Using the listing below, return every line that includes "settles".

Entries supplied
####################

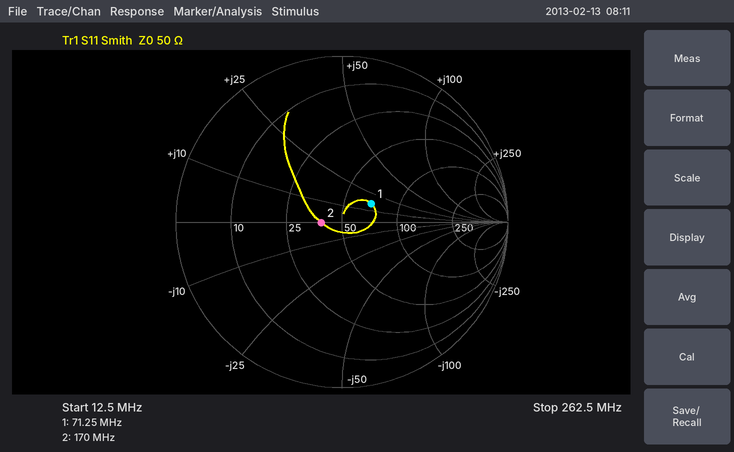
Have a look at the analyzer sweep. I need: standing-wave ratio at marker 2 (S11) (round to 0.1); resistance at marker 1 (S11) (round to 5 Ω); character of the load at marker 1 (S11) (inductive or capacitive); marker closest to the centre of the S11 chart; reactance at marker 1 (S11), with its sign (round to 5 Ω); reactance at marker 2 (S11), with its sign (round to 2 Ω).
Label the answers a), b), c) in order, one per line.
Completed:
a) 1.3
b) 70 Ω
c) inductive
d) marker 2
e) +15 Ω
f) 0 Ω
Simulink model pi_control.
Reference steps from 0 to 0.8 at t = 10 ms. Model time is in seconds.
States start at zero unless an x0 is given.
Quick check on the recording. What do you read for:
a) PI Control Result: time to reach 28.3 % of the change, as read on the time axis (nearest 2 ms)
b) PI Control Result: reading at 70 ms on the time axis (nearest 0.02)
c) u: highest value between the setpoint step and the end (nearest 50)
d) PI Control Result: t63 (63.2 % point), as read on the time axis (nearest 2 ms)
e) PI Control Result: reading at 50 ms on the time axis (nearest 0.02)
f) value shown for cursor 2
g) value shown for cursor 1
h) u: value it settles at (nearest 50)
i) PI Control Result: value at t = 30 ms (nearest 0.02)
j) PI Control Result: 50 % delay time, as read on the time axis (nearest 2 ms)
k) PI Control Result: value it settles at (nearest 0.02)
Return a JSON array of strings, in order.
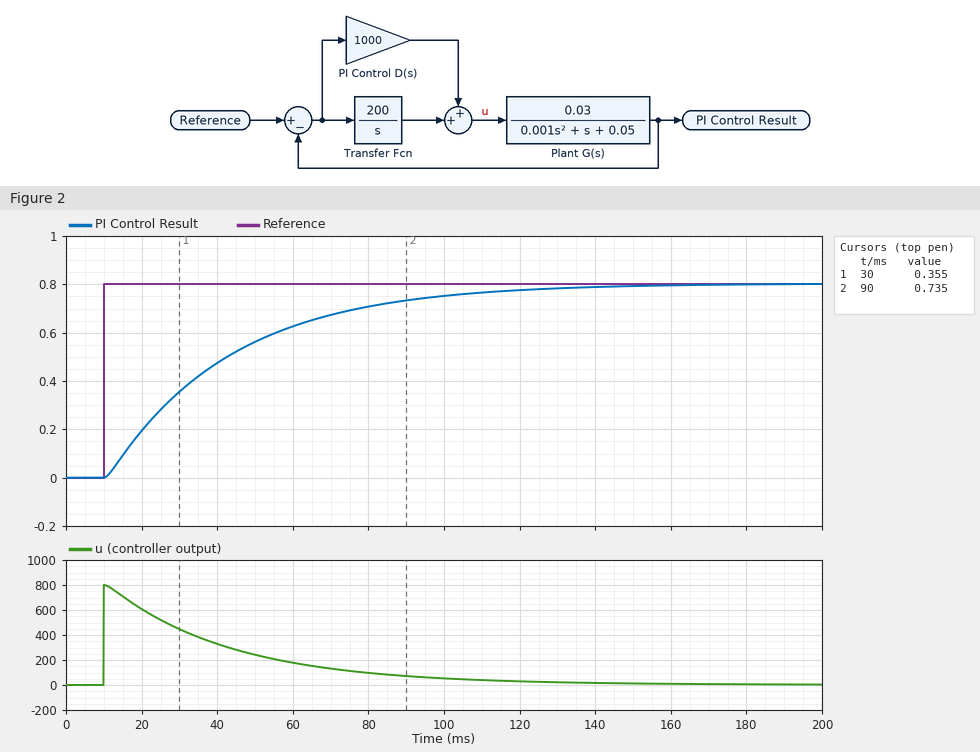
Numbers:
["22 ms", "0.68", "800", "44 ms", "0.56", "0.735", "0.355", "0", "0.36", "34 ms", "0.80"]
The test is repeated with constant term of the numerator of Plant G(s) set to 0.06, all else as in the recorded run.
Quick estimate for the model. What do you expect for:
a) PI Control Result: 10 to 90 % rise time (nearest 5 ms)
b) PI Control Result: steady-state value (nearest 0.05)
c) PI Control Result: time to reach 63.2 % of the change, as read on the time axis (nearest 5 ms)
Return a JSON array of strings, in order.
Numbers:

####################

Response
h) u: value it settles at (nearest 50)
k) PI Control Result: value it settles at (nearest 0.02)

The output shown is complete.